Sounds good, since that will change the IPC message format and this patch is big enough, we can do it in a follow-up patch.

>> Source/WebKit/UIProcess/WebProcessProxy.cpp:1723
>> +    }
> 
> If there is no page, there is no need to change the map. We should exit early.
> There is no guarantee that m_speechRecognitionServerMap does not already contain the identifier as well.

That's true, we don't need to change the map when page is gone.
I think we should receive createSpeechRecognitionServer and destroySpeechRecognitionServer in pair, unless WebProcessProxy is destroyed/connection is broken before destroySpeechRecognitionServer message is received, where we should have received one more create message.
Therefore, adding to m_speechRecognitionServerMapon create message and removing from m_speechRecognitionServerMap on destroy message would do the bookkeeping work.
If we receive two create messages for the same ID before a destroy message (i.e. m_speechRecognitionServerMap already has an identifier), that seems a bug because we will need to ensure server is destroyed after we receive the last destroy message.

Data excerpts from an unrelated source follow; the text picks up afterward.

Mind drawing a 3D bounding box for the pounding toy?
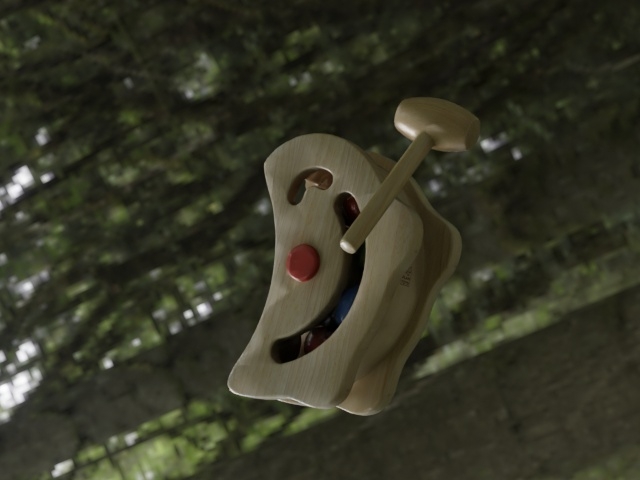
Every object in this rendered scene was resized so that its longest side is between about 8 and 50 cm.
[{"bbox_3d":[0.000,0.000,1.188,0.154,0.270,0.155,29,-174,33],"label":"pounding toy"}]
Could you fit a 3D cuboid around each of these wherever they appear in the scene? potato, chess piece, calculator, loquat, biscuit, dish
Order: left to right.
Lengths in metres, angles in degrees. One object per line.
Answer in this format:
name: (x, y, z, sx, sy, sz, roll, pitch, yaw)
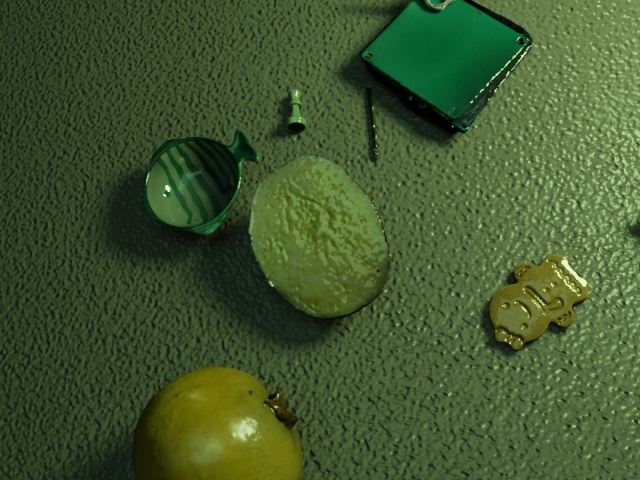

>> Source/WebKit/UIProcess/WebProcessProxy.cpp:1725
>> +    speechRecognitionServer.iterator->value = makeUnique<SpeechRecognitionServer>(makeRef(*connection()), identifier, [weakThis = makeWeakPtr(this), weakPage = makeWeakPtr(targetPage)](const ClientOrigin& origin, CompletionHandler<void(SpeechRecognitionPermissionDecision)>&& completionHandler) mutable {
> 
> (auto& origin, auto&& completionHandler)

Okay.

>> Source/WebKit/UIProcess/WebProcessProxy.cpp:1727
>> +            return;
> 
> No need for weakThis, let's not capture it.

Okay.
Comment 38 Sihui Liu 2020-11-13 14:26:54 PST
Created attachment 414091 [details]
Patch
Comment 39 Sihui Liu 2020-11-13 16:28:15 PST
Created attachment 414104 [details]
Patch for landing
Comment 40 EWS 2020-11-13 18:17:14 PST
Committed r269810: <https://trac.webkit.org/changeset/269810>

All reviewed patches have been landed. Closing bug and clearing flags on attachment 414104 [details].